**Your assignment:**
Repeat the lines below exactly as written, please, from the line with "2D boxes: x1, y1, x2, y2 in pixels." to the line with "Why don't you", both lines included, and no others.

(Records excerpted from a collection)
------------------------------------

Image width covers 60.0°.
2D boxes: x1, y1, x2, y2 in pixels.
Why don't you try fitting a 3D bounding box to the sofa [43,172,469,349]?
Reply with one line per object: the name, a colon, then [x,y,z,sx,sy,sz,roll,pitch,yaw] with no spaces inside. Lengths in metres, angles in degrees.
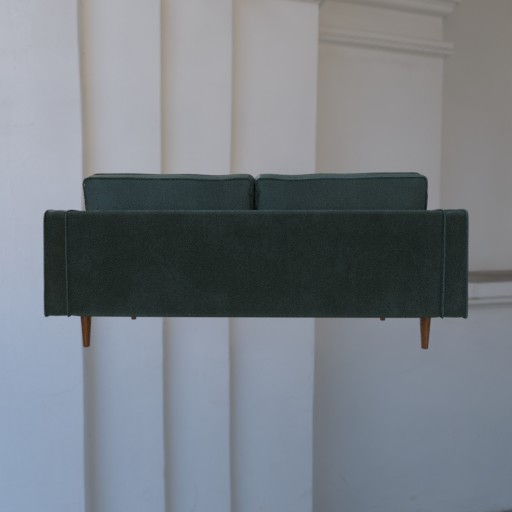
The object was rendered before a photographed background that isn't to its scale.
sofa: [0.000,0.000,2.282,1.816,0.781,0.886,0,2,1]

------------------------------------

**Exercise response:**
2D boxes: x1, y1, x2, y2 in pixels.
Why don't you try fitting a 3D bounding box to the sofa [43,172,469,349]?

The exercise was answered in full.